Las Altas Capacidades no son un rendimiento excepcional ni un privilegio: son una forma distinta de procesar el mundo. Una neurodivergencia.

Y cuando no se reconoce, los efectos pueden ser graves: estrés crónico, ansiedad, depresión, problemas de conducta, aislamiento, bullying, bajo rendimiento académico,  y a veces, abandono escolar. Y son muchos más casos de los que imaginamos. Todo esto es evitable con capacitación docente específica y adecuaciones no muy complejas.

 

La situacion actual
El artículo 93 de la Ley Nacional de Educación establece que “las autoridades educativas deben organizar programas para la identificación temprana, evaluación, seguimiento, orientación y flexibilización escolar de alumnos con “capacidades o talentos especiales”. Sin embargo, esto casi nunca se implementa.

Los motivos son varios:

  • falta de formación de autoridades y equipos docentes
  • desconocimiento de la normativa
  • ausencia de herramientas prácticas para detectar y acompañar
  • y una altísima tasa de diagnósticos erróneos, como TEA, TDAH o TOD (trastorno oposicionista desafiante), cuando se confunden características propias de las Altas Capacidades

En la Provincia de Buenos Aires, el Acta 2024-28451026-GDEBA desde el año 2024 reconoce a las Altas Capacidades y establece orientaciones claras para su acompañamiento.

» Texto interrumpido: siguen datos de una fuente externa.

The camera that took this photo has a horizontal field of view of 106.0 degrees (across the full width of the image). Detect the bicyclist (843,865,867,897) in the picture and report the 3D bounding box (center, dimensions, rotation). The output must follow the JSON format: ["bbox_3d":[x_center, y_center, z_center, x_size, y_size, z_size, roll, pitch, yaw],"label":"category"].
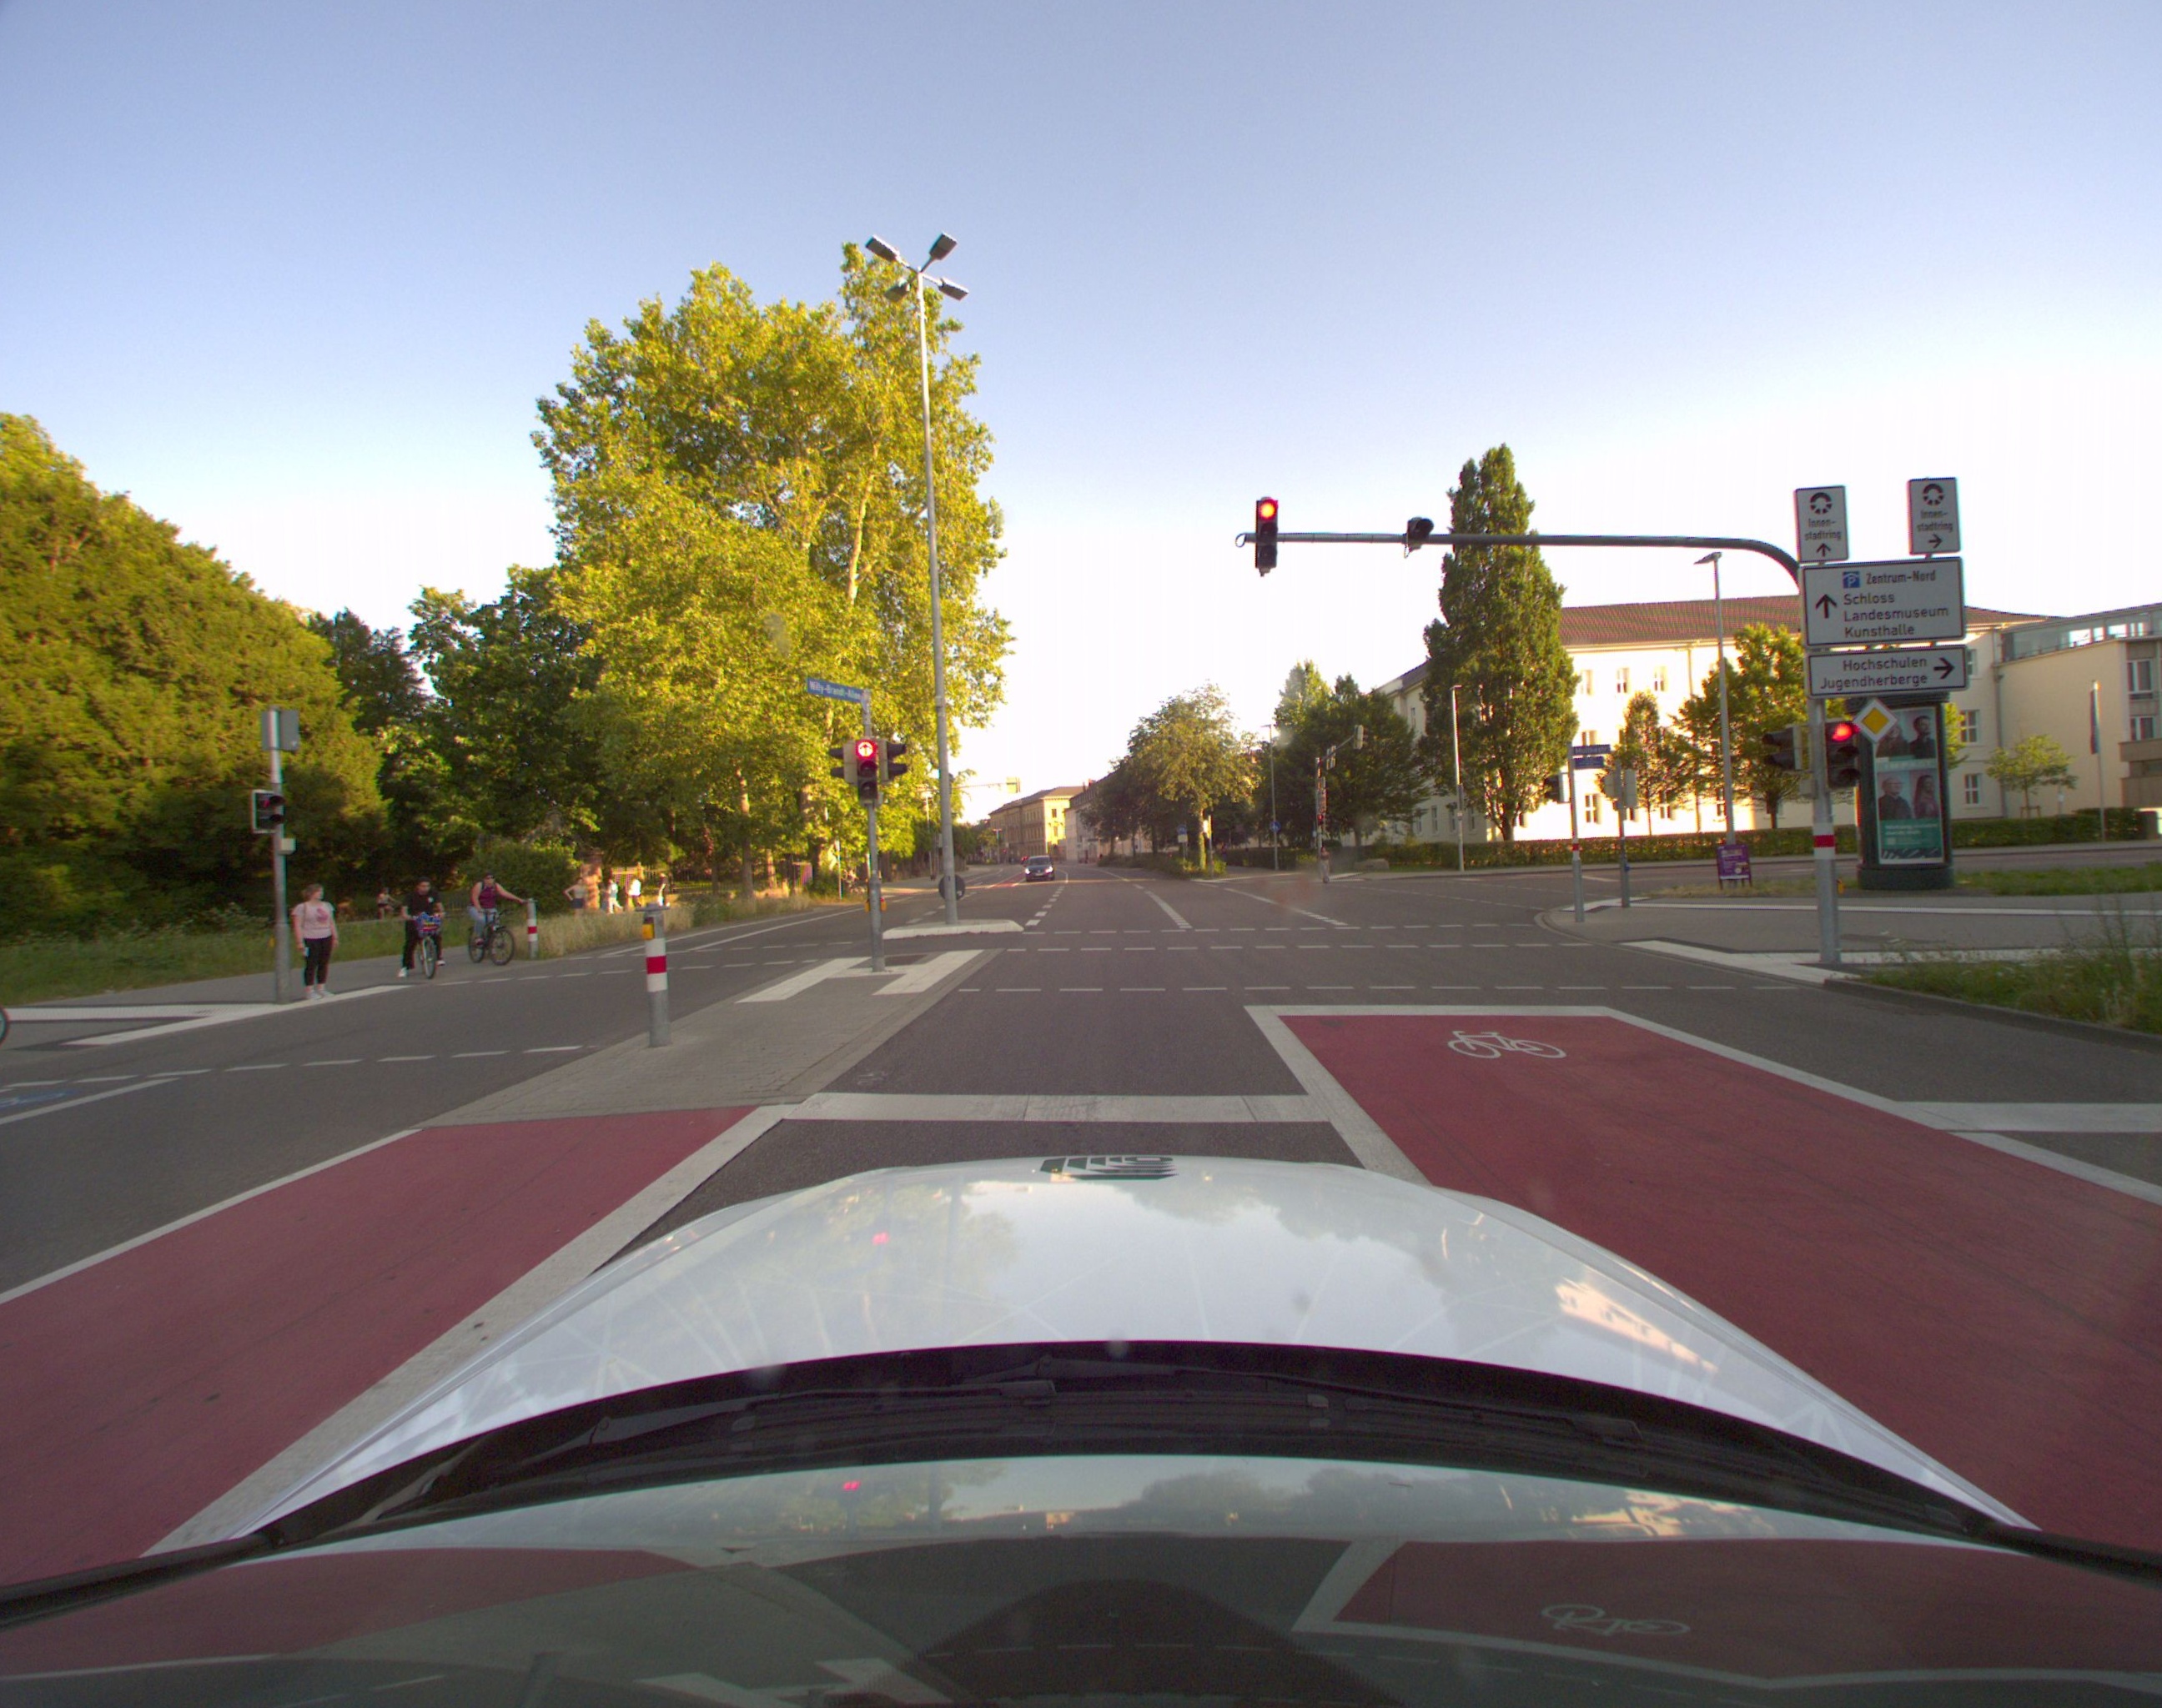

Una vez identificado el alumno como ACI por parte de la familia o la institución, “los equipos de conducción de las instituciones junto al equipo docente y al Equipo de Orientación Escolar serán los responsables de planificar y desarrollar propuestas pedagógicas diversificadas (...)” Estas son adecuaciones y/o enriquecimiento curricular de distinto tipo dependiendo el perfil ACI de cada alumno. Diferentes estrategias como  ampliación, enriquecimiento, complejización y en algunos casos específicos, aceleración parcial o promoción anticipada. Si bien hay muchas escuelas que realizan esfuerzos para diseñar y aplicar estas adecuaciones, la gran mayoría aún desconoce del tema y no cuenta con formación para hacerlo. 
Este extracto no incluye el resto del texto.